That’s Cannes, man. The red carpet’s rolled and stashed; you don’t have to go home but you can’t afford to stay here. Turkish auteur Nuri Bilge Ceylan’s three-hour-plus, mixed-reviewed Winter Sleep pocketed the Palme d’Or. Sorry, Naomi Kawase with your so-called “masterpiece” and Xavier Dolan, who said he “deserved” to win top honors, juries are subjective. The more burning issue is when undistributed landmarks like Adieu Au Langage and The Tribe will find their way to your eyes and ears. Until my final take on the 2014 edition of Cannes appears in the next issue of Filmmaker, here are my remaining favorites from the festival.

Lights, Camera, Anguish

Already misunderstood as démodé showbiz satire, David Cronenberg’s viciously funny Maps to the Stars (the Canadian master’s first feature to be filmed in the US) plays stronger as a volatile comic nightmare of Hollywood ego, insecurity, and starfucking despair.

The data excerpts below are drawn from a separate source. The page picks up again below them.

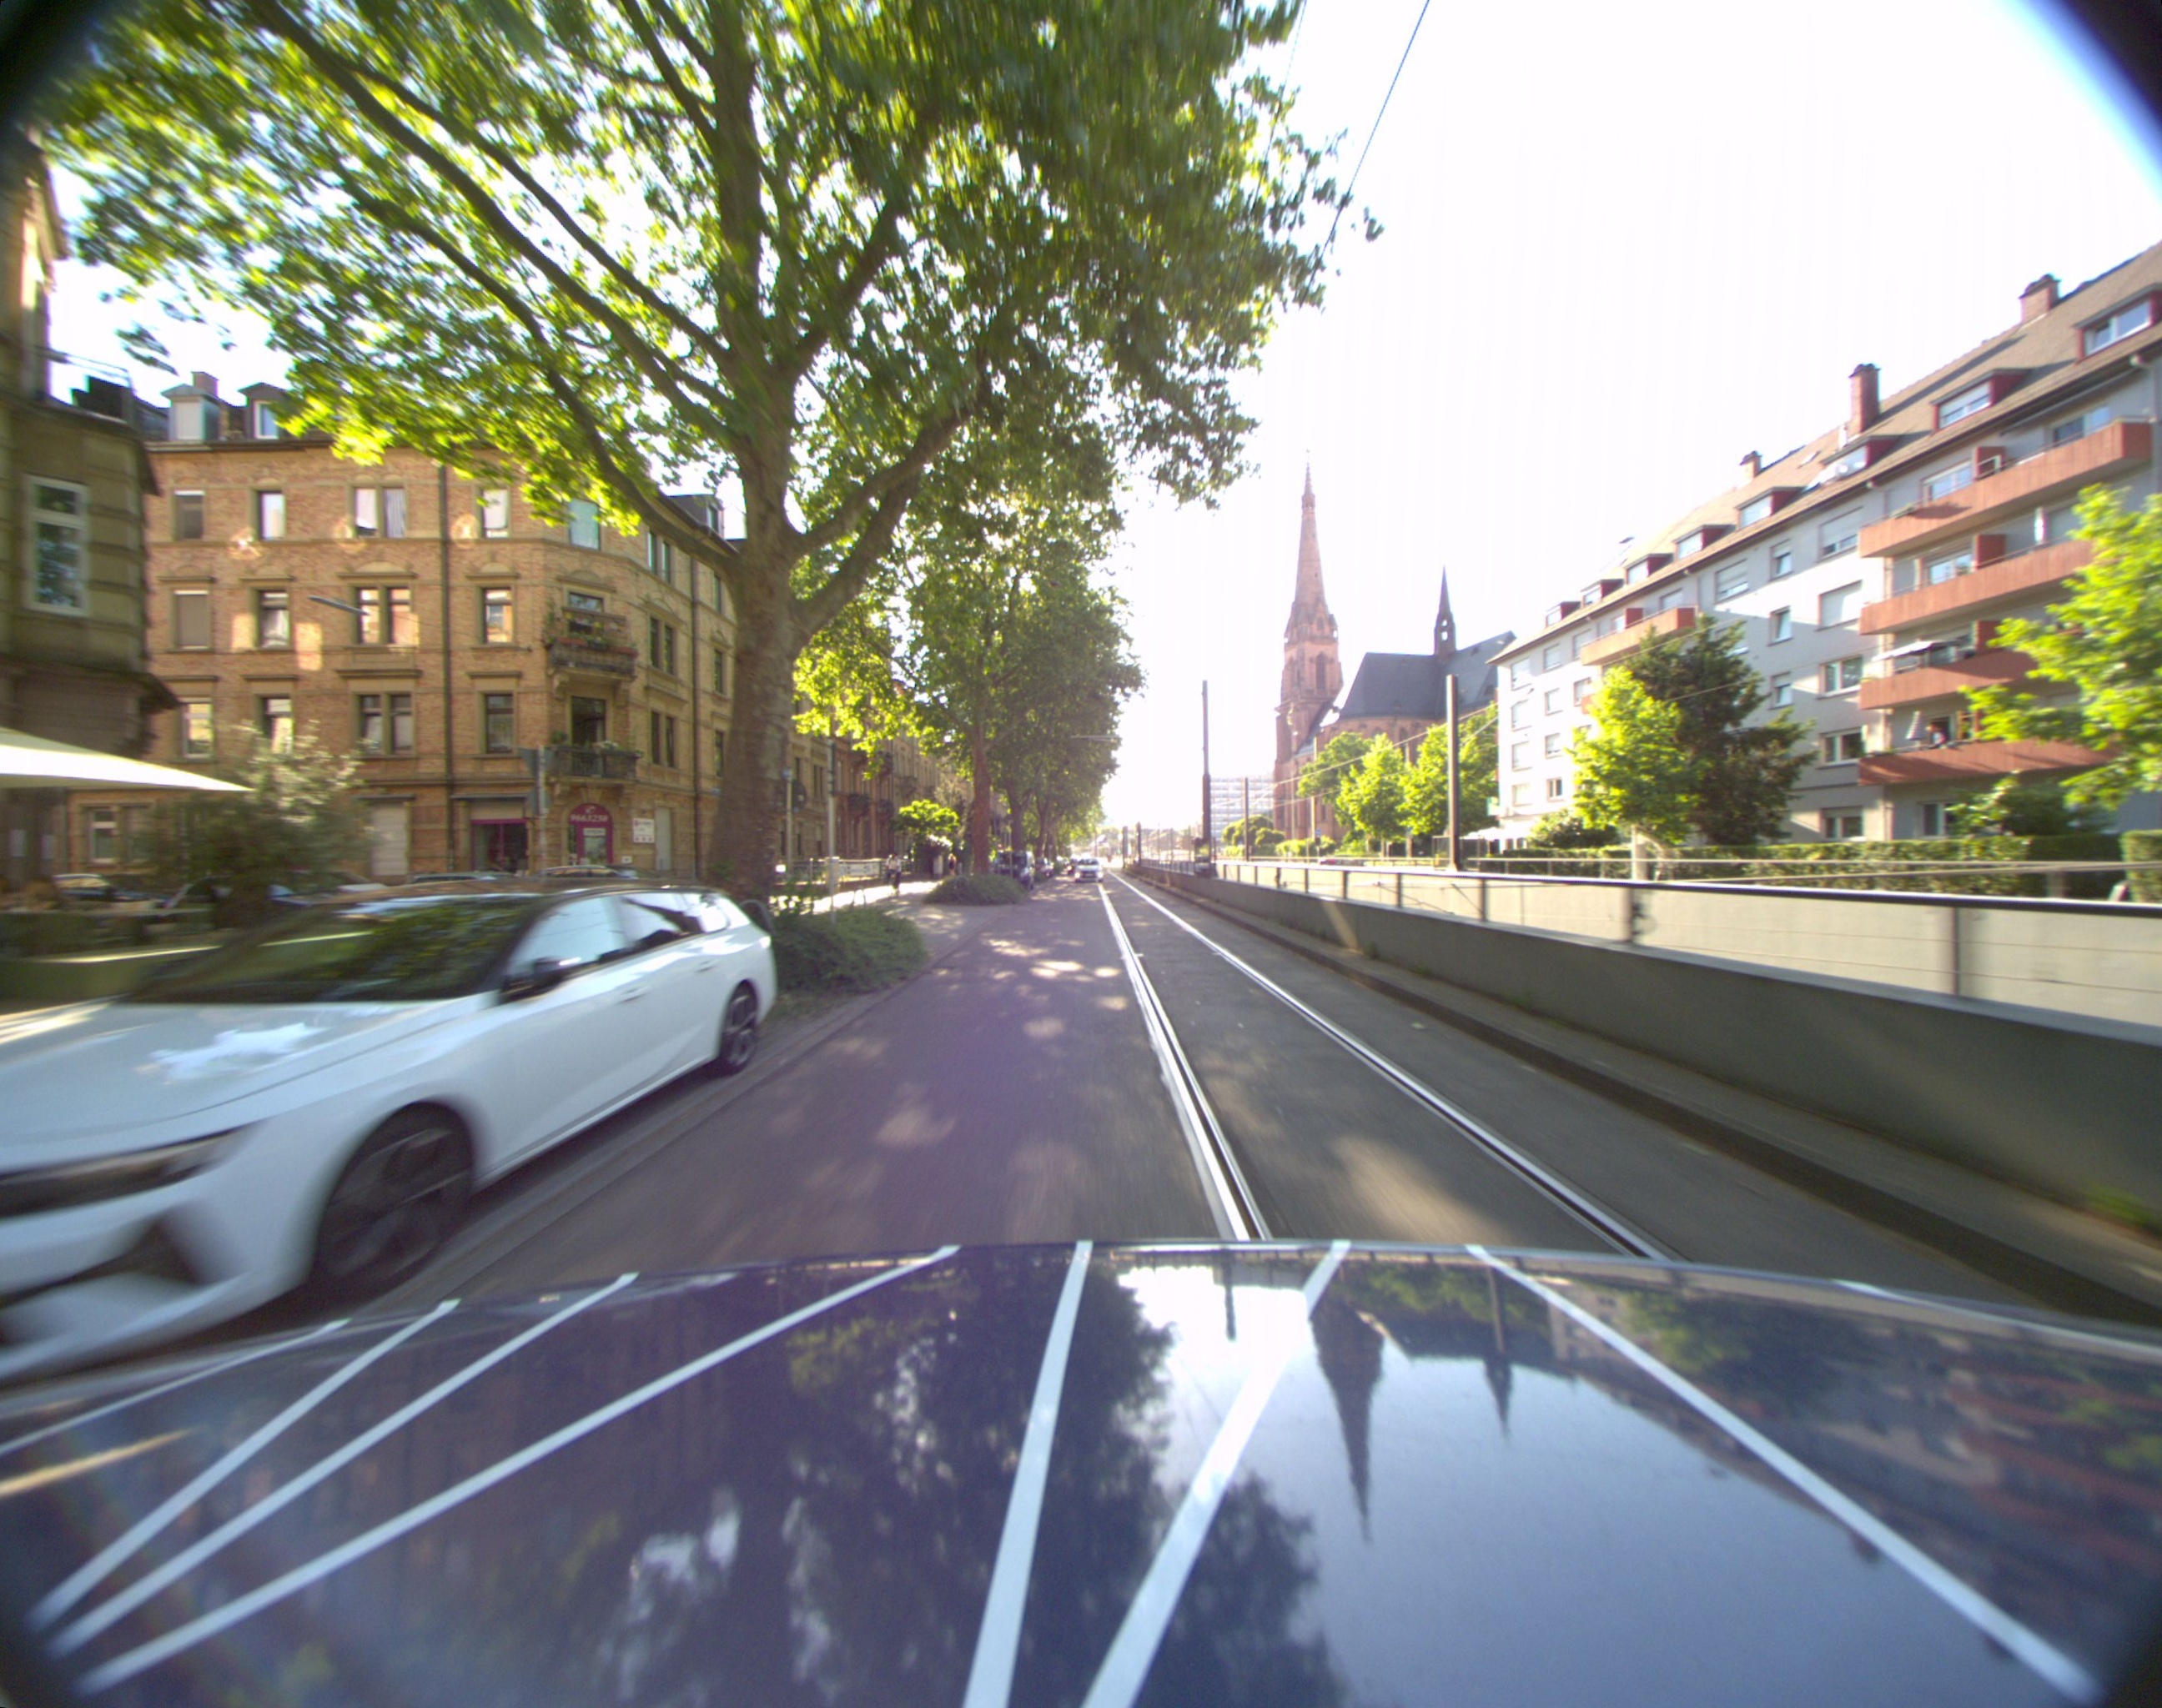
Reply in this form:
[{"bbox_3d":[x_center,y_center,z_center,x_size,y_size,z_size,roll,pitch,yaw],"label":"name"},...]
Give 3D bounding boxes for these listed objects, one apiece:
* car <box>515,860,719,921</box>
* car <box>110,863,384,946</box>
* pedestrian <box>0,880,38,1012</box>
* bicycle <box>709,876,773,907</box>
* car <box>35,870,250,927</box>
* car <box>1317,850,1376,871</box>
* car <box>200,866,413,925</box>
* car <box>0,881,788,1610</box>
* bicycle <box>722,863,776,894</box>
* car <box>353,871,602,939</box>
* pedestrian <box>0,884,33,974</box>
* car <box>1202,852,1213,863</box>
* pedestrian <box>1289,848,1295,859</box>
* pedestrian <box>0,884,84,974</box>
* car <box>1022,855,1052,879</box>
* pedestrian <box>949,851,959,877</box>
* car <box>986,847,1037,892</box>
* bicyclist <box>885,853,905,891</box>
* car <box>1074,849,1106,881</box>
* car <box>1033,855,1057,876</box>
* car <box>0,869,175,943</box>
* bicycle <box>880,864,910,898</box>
[{"bbox_3d":[-13.203,0.999,21.872,4.615,1.539,1.922,-1,0,-4],"label":"car"},{"bbox_3d":[-17.819,1.051,16.376,3.905,1.637,1.893,-1,0,3],"label":"car"},{"bbox_3d":[-11.046,0.919,7.437,0.714,1.292,0.662,-1,1,0],"label":"pedestrian"},{"bbox_3d":[-10.511,1.148,23.545,1.696,0.911,0.602,-1,1,-11],"label":"bicycle"},{"bbox_3d":[-26.919,1.253,21.892,3.997,1.486,1.742,-1,1,0],"label":"car"},{"bbox_3d":[22.062,0.532,63.225,4.412,1.495,1.973,-3,0,-24],"label":"car"},{"bbox_3d":[-22.050,1.147,21.778,4.130,1.539,1.743,-1,0,-4],"label":"car"},{"bbox_3d":[-3.357,0.984,3.984,1.807,1.469,4.646,-1,0,0],"label":"car"},{"bbox_3d":[-12.708,0.929,29.127,1.867,1.147,0.476,-1,1,4],"label":"bicycle"},{"bbox_3d":[-13.066,1.080,16.653,3.998,1.356,1.743,-1,-1,-2],"label":"car"},{"bbox_3d":[-14.091,0.967,9.735,0.557,1.131,0.526,-1,1,0],"label":"pedestrian"},{"bbox_3d":[23.704,0.600,141.949,1.997,2.002,5.015,1,1,10],"label":"car"},{"bbox_3d":[29.578,-0.064,106.530,0.587,1.480,0.946,-3,0,-2],"label":"pedestrian"},{"bbox_3d":[-13.415,0.946,9.735,0.557,1.095,0.526,-1,1,0],"label":"pedestrian"},{"bbox_3d":[-2.973,0.863,52.385,1.718,1.540,4.500,0,1,1],"label":"car"},{"bbox_3d":[-8.105,0.633,48.567,0.531,1.618,0.618,1,0,1],"label":"pedestrian"},{"bbox_3d":[-3.201,0.689,36.088,1.999,2.002,5.201,0,0,-1],"label":"car"},{"bbox_3d":[-6.900,0.658,28.182,0.544,1.372,0.644,-3,0,-1],"label":"bicyclist"},{"bbox_3d":[0.592,0.626,45.897,1.823,1.729,3.999,0,2,2],"label":"car"},{"bbox_3d":[-2.749,0.858,58.607,1.719,1.454,3.999,0,1,0],"label":"car"},{"bbox_3d":[-22.928,1.106,16.740,3.655,1.477,1.926,-1,0,1],"label":"car"},{"bbox_3d":[-6.888,0.986,28.210,0.562,1.171,2.226,-3,0,-1],"label":"bicycle"}]

True, the macabre screenplay by Bruce Wagner (Wild Palms, Scenes From the Class Struggle in Beverly Hills) shares a toxic bloodline with the self-aware status seekers of The Player, but Cronenberg’s impish ability to clinically flatten irony brings a disturbing matter-of-factness to supernatural guilt trips and more than one count of incest. Fresh off the bus to Tinseltown, black-gloved fawn Agatha (Mia Wasikowska, an edgy combo of enigmatic naïveté and obsessive calculation) chattily announces to a wannabe actor and limo driver (Robert Pattinson, in an inversely cast gag on his role in Cronenberg’s Cosmopolis) that, through Twitter, she knows Carrie Fisher — who cameos as both herself and a cheeky stand-in for troubled parent-child relations.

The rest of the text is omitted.